■ What this task involves
Sort through the entries below and pull out lines containing the word "dxfattribs".

── Task data ──

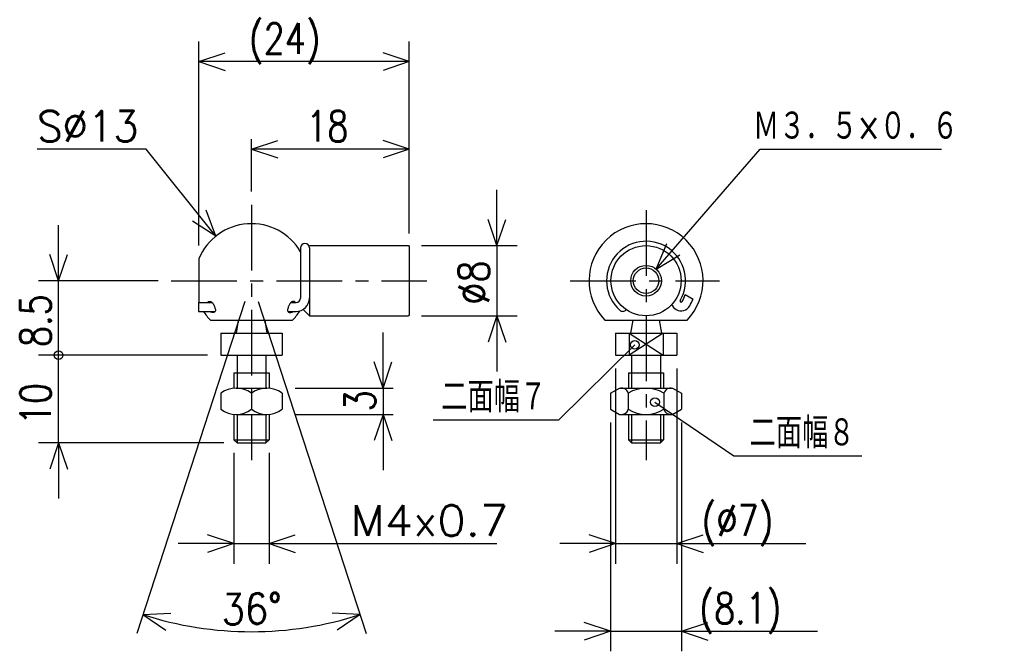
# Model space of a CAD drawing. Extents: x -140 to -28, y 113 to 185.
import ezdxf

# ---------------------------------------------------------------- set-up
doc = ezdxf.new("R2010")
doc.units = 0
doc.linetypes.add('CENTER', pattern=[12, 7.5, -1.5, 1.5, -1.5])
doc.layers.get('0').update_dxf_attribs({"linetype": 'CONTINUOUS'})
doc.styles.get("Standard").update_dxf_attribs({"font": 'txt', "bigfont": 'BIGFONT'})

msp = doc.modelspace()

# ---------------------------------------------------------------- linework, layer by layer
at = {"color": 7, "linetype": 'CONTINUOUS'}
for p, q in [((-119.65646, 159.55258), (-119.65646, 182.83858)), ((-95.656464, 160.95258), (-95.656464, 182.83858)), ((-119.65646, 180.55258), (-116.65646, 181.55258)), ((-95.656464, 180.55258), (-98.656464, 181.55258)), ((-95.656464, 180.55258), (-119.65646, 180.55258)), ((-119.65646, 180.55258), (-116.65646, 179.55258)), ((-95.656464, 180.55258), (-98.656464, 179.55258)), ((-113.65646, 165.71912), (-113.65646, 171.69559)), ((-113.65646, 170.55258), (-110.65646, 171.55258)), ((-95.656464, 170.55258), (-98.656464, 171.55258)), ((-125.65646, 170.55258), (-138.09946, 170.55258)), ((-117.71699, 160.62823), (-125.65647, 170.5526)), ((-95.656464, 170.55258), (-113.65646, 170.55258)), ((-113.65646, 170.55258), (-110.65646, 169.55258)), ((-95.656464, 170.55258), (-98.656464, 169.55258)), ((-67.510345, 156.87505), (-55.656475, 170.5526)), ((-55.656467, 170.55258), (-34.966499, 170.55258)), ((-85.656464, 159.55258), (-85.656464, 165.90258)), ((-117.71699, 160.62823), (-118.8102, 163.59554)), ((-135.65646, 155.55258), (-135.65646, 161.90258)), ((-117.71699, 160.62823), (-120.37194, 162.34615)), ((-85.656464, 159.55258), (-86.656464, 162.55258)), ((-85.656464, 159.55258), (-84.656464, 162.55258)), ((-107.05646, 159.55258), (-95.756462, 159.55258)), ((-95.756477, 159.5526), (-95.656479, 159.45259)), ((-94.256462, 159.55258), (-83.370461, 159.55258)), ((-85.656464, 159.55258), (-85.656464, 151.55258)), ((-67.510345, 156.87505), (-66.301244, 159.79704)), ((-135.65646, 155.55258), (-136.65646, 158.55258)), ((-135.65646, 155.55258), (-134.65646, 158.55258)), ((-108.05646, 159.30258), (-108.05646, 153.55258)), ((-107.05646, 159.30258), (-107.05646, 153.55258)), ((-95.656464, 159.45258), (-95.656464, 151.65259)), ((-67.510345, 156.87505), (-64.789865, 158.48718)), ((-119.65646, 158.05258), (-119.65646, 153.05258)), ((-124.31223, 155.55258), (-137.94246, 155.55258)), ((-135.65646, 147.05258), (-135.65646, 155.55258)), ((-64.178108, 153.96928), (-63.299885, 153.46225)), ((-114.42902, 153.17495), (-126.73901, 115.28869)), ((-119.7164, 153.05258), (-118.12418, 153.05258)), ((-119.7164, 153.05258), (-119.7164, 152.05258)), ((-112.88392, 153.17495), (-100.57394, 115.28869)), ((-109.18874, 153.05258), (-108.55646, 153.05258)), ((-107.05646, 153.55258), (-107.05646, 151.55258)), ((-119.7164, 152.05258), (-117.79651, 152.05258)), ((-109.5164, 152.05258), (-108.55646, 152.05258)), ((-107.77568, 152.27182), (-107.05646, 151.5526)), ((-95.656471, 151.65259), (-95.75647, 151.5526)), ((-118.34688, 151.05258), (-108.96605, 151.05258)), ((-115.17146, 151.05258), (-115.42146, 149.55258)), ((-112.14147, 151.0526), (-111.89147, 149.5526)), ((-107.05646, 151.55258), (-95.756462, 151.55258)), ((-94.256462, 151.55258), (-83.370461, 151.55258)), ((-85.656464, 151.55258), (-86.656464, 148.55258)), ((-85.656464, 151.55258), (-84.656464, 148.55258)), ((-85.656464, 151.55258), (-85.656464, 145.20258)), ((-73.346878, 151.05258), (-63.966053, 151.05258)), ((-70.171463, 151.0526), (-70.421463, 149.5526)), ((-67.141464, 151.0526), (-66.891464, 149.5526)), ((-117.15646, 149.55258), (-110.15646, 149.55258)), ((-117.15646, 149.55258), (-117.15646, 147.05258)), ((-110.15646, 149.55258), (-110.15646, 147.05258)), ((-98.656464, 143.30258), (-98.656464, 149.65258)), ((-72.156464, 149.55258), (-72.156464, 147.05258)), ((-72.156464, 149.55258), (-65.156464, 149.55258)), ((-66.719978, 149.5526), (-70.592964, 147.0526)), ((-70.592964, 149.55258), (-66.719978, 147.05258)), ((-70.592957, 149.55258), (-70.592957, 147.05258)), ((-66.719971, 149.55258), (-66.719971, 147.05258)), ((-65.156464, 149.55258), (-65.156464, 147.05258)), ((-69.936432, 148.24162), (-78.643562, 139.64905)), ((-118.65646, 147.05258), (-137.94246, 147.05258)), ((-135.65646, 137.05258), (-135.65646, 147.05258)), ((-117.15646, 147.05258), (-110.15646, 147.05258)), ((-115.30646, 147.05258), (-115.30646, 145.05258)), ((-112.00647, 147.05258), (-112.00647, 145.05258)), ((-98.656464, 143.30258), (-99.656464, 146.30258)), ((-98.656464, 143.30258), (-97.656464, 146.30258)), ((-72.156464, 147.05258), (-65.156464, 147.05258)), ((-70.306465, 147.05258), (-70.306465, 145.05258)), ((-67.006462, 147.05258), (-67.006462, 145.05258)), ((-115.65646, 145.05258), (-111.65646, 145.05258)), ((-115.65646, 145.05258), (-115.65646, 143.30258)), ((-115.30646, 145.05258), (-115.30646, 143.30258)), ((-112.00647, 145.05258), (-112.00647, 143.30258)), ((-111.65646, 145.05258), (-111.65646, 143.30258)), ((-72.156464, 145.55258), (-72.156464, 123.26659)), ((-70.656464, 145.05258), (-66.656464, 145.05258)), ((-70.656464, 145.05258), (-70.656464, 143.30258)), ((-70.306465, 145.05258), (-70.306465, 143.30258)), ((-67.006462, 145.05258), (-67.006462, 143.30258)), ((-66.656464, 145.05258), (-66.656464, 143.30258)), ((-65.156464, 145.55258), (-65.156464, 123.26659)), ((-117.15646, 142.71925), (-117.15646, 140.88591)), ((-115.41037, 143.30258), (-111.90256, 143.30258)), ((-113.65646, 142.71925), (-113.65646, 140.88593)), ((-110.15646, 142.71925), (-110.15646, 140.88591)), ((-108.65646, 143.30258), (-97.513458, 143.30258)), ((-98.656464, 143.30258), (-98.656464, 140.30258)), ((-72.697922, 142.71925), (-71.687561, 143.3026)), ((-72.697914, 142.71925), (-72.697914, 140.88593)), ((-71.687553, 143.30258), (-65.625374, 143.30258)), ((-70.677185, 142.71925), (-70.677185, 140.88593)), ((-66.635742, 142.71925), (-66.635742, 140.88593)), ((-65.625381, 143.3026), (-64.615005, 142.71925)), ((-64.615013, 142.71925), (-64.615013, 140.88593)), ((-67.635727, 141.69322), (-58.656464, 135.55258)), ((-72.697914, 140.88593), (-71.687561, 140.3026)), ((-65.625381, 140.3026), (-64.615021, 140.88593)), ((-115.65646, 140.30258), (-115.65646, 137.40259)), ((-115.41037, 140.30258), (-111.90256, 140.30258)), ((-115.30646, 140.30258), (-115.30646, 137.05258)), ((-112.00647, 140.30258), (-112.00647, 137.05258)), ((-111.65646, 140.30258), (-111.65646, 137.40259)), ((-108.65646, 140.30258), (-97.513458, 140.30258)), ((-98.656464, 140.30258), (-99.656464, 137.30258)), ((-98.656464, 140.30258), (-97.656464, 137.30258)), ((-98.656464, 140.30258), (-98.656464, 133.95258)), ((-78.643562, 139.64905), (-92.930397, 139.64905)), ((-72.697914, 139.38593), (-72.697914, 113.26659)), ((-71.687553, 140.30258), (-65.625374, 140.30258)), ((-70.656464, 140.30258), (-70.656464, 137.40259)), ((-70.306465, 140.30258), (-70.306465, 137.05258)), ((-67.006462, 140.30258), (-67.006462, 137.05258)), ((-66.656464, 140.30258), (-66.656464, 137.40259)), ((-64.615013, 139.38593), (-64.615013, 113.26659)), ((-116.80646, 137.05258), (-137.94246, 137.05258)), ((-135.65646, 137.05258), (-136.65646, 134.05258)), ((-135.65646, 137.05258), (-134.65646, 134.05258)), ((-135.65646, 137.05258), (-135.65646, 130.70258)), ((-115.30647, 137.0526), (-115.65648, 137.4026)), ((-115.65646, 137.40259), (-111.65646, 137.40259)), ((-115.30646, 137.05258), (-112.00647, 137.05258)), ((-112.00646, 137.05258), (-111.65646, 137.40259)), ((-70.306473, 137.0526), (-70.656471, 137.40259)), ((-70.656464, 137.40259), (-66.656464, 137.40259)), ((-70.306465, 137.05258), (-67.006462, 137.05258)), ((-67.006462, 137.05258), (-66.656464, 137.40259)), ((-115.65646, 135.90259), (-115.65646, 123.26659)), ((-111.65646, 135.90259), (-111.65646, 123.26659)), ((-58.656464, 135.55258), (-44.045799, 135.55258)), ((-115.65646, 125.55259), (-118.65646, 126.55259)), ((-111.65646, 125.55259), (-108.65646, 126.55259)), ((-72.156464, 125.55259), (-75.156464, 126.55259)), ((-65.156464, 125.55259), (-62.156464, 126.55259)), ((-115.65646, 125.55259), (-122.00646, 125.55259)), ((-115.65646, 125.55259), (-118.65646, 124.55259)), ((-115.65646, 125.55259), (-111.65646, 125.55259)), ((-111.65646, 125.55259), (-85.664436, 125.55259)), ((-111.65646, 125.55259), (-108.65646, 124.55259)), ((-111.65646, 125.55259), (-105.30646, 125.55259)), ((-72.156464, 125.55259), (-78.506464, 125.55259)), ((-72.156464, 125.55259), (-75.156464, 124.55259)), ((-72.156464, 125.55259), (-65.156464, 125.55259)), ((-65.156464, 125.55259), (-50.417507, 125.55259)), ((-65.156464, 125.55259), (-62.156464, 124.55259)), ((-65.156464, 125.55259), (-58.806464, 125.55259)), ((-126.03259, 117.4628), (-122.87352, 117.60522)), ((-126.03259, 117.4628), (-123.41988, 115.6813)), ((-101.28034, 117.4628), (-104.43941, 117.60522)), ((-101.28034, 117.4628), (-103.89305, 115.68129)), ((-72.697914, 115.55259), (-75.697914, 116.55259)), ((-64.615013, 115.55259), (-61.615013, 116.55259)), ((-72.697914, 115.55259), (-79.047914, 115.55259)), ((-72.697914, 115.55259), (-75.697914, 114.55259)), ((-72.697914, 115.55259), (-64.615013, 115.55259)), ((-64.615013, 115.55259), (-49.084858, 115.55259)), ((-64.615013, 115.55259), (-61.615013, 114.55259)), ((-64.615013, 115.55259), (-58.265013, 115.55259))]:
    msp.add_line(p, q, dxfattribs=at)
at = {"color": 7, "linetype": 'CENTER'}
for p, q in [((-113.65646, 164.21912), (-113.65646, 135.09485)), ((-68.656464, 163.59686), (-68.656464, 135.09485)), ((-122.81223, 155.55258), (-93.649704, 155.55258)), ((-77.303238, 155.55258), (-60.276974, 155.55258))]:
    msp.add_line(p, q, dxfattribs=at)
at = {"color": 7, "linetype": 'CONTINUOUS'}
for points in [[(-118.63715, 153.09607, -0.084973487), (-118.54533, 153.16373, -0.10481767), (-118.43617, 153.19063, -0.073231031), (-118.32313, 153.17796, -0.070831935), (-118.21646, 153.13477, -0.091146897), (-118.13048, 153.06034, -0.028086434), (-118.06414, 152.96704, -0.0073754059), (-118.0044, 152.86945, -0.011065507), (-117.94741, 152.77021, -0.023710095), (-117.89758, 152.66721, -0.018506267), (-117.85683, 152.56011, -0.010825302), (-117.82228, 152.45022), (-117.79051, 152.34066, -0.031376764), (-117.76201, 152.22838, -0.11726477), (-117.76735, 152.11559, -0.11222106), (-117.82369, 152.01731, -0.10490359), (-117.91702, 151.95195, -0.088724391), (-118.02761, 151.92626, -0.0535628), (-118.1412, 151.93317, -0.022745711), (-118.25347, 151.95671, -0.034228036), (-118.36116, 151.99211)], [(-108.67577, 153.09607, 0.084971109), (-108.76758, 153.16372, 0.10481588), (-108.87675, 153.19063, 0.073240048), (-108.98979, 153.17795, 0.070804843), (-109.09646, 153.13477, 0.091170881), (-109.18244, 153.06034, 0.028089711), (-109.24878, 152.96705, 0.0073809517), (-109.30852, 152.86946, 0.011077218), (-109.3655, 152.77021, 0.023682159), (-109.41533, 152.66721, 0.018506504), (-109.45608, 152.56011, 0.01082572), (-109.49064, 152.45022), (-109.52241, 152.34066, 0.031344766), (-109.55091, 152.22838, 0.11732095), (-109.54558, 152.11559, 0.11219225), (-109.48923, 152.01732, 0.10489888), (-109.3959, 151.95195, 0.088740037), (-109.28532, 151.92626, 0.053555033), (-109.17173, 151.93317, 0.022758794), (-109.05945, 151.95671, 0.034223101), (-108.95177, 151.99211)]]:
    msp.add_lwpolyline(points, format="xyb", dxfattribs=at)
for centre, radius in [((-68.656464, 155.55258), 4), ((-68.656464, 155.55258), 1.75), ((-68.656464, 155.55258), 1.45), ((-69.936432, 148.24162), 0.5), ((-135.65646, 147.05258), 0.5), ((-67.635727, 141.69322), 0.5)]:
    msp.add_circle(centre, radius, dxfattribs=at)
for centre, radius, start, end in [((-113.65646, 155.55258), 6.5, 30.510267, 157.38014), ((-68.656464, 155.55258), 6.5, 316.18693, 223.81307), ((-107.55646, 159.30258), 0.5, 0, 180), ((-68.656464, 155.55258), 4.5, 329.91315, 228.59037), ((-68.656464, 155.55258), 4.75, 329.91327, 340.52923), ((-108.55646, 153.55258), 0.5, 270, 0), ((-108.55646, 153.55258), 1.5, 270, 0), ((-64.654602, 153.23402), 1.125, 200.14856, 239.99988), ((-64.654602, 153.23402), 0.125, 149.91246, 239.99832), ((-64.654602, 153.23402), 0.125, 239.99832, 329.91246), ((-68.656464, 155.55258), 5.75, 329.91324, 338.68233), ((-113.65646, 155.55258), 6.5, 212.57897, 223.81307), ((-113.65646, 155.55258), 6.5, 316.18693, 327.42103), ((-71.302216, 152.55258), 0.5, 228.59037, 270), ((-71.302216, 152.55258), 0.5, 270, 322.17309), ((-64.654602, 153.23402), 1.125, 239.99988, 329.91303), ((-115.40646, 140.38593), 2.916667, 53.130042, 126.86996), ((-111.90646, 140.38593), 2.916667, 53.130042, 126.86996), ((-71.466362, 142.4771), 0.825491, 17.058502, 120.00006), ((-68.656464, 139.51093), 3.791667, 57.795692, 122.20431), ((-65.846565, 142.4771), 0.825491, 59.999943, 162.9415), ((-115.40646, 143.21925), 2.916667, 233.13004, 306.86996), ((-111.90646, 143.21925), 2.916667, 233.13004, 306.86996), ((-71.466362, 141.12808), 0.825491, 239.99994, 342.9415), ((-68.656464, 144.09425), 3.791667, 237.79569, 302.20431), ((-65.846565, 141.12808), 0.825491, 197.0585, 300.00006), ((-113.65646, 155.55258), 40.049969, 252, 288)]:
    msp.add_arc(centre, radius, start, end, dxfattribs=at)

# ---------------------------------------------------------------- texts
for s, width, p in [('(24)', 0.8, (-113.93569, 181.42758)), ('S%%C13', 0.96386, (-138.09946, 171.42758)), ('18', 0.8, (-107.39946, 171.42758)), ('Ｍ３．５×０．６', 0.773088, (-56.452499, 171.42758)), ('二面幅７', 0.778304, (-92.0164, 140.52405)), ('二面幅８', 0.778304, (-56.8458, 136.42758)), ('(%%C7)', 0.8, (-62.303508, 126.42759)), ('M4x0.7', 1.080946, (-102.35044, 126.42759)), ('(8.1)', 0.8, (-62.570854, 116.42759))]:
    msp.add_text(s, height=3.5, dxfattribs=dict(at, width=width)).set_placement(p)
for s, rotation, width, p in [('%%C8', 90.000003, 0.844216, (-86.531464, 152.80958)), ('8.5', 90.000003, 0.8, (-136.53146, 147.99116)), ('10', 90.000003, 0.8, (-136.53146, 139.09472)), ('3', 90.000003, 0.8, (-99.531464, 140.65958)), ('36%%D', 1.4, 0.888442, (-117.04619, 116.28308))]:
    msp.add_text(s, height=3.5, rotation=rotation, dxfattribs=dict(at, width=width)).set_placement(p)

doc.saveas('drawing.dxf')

───

■ Reply to the task
    msp.add_line(p, q, dxfattribs=at)
    msp.add_line(p, q, dxfattribs=at)
    msp.add_lwpolyline(points, format="xyb", dxfattribs=at)
    msp.add_circle(centre, radius, dxfattribs=at)
    msp.add_arc(centre, radius, start, end, dxfattribs=at)
    msp.add_text(s, height=3.5, dxfattribs=dict(at, width=width)).set_placement(p)
    msp.add_text(s, height=3.5, rotation=rotation, dxfattribs=dict(at, width=width)).set_placement(p)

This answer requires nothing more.